Evidence of medical malpractice

Although less significant (and less controversial) than the damage caps described above, two other recent Illinois laws have changed the type of evidence that is admissible in medical malpractice cases.

The first area of ​​reform deals with standards for expert witnesses in medical malpractice cases. These experts are almost always physicians and are often critical to the outcome of a case. The law specifically provides that in an action against a medical professional, a qualified expert is one who: (1) is board certified or board eligible in the same or a similar specialty as the defendant; (2) You have spent the majority of your work time in University-based practice, teaching, or research related to the type of care or treatment at issue in the claim; (3) is licensed in the same profession with the same class of license as the defendant if the defendant is an individual; (4) In a case against a non-specialist, an expert must demonstrate familiarity with the standard of care and must provide evidence of active practice, teaching, or university research. If retired, an expert must provide evidence of completion of continuing education for the previous three years. An individual must have practiced, taught, or actively participated in university research, or any combination of the two, within the last five years to qualify as an expert witness.

Second, the Illinois legislature recently enacted a statute that prevents medical malpractice plaintiffs from presenting evidence in the form of a physician’s statement of apology at trial. Critics of this measure say the law is designed to shield hospitals and insurance companies from liability in cases where a doctor has essentially admitted fault and apologized to the victim for her negligence.

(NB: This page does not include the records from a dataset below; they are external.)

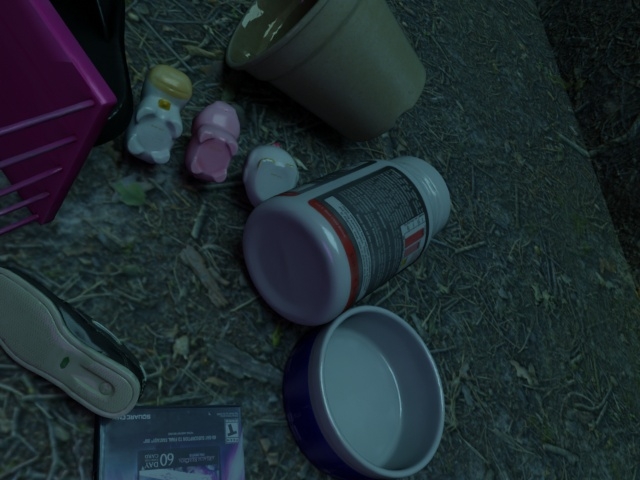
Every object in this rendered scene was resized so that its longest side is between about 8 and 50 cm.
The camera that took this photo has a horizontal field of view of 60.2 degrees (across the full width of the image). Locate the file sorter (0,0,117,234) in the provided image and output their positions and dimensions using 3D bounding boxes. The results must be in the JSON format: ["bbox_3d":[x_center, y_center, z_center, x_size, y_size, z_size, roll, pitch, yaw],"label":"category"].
[{"bbox_3d":[-0.386,-0.126,0.575,0.182,0.291,0.202,-36,92,-43],"label":"file sorter"}]

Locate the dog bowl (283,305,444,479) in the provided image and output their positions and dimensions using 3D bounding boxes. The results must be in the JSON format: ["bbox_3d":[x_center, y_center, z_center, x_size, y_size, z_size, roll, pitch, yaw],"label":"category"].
[{"bbox_3d":[0.074,0.246,0.891,0.265,0.104,0.265,20,55,-31],"label":"dog bowl"}]

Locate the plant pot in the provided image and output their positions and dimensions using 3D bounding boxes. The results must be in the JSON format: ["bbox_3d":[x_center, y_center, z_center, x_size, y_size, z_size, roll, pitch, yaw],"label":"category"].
[{"bbox_3d":[0.037,-0.370,1.092,0.305,0.334,0.334,38,46,-33],"label":"plant pot"}]

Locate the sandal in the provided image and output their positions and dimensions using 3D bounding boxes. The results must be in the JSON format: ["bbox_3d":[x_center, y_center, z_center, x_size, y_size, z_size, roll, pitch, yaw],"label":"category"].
[{"bbox_3d":[-0.353,-0.324,0.759,0.167,0.107,0.446,-20,62,-9],"label":"sandal"}]

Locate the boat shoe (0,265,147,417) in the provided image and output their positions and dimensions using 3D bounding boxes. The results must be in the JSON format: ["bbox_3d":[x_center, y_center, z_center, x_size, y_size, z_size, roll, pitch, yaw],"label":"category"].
[{"bbox_3d":[-0.310,0.119,0.668,0.233,0.084,0.079,42,7,-6],"label":"boat shoe"}]

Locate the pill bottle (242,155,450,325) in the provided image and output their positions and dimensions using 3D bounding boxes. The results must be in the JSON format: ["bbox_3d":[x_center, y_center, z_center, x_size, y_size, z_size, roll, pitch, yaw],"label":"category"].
[{"bbox_3d":[0.063,-0.021,0.944,0.363,0.210,0.210,-27,86,-44],"label":"pill bottle"}]

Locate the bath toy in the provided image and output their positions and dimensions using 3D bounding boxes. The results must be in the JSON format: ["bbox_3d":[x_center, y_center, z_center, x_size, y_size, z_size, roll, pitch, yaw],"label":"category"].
[{"bbox_3d":[-0.193,-0.169,0.892,0.348,0.129,0.151,24,96,-27],"label":"bath toy"}]

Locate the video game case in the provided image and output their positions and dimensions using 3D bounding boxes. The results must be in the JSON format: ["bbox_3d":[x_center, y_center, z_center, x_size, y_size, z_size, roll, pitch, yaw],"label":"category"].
[{"bbox_3d":[-0.178,0.343,0.674,0.196,0.026,0.274,12,58,-36],"label":"video game case"}]

Emotional Loss Damage Recovery for Rape Victims

The Illinois legislature also recently enacted legislation giving victims of sexual assault and rape more time to file civil lawsuits against the perpetrator. More specifically, the law suspends the current two-year statute of limitations in the state of Illinois if the victim is threatened, intimidated, or manipulated by the perpetrator or another person acting in the perpetrator’s interest. Advocates for the law say rape victims are too often abused, intimidated or threatened into giving up their legal rights against the perpetrator. This law will ensure that loopholes like the statute of limitations will not reward perpetrators for avoiding civil liability for their actions.

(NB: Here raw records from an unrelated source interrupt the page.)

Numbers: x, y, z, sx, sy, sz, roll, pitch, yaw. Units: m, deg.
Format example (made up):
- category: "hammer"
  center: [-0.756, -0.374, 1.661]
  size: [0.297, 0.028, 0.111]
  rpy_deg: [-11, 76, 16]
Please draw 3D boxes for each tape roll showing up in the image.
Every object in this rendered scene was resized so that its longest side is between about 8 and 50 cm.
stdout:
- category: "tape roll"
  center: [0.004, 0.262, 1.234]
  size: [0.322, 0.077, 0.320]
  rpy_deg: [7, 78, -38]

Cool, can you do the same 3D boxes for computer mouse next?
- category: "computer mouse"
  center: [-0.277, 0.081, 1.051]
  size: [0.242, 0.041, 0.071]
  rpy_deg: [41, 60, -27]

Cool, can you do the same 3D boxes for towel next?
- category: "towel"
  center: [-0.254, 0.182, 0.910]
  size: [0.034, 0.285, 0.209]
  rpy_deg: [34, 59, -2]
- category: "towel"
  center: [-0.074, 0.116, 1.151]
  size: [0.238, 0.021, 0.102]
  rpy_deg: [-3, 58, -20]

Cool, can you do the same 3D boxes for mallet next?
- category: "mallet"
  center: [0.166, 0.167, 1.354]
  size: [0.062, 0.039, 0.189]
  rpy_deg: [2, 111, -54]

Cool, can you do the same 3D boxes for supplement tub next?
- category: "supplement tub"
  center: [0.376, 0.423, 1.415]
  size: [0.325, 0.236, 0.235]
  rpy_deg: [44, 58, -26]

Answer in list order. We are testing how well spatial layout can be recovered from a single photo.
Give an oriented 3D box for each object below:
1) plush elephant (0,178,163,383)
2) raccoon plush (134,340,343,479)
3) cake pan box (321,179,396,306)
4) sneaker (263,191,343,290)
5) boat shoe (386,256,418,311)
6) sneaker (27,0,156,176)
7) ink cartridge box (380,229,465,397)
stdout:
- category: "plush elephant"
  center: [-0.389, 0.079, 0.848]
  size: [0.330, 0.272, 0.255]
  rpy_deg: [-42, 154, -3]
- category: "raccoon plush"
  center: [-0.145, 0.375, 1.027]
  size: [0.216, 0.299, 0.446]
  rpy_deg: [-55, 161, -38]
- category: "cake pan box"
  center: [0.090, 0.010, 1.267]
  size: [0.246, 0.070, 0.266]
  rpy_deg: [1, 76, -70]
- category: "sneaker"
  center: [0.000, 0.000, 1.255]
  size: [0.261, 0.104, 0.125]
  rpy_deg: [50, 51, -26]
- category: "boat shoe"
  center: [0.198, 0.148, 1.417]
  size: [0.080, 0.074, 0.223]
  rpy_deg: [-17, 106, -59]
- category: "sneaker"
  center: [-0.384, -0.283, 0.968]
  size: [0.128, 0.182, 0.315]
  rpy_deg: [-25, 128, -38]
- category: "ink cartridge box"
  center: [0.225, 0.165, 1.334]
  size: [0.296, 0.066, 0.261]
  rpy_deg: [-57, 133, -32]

Ban on “fast food” lawsuits

Unlike previous laws, which simply changed the rules of personal injury lawsuits, this law effectively eliminated an entire category of lawsuits available to plaintiffs. As of January 1, 2008, this law prevents any person from filing a lawsuit based on a claim of injury resulting from the person’s weight gain, obesity, or any health condition related to the person’s weight gain or obesity. Exceptions are made if the seller knowingly and willfully violated a federal or state statute applicable to the marketing, distribution, advertising, labeling, or sale of the product.

The above laws represent changes made only in the last two years in Illinois. To varying degrees, each law affects both personal injury plaintiffs and the rights and responsibilities of defendants in the state of Illinois. Some of these laws expand plaintiff’s rights, some limit defendants’ liabilities, and others eliminate categories of personal injury actions altogether. In an era when citizens, politicians, and industry groups continue to debate the merits of America’s litigious culture, personal injury law in Illinois will undoubtedly continue its constant evolution for years to come.

Times are certainly changing for Illinois personal injury attorneys and for people seeking accident claims in Illinois. Even with a Democratic governor and the House and Senate, restrictions on people seeking compensation for injuries are tightening by the day.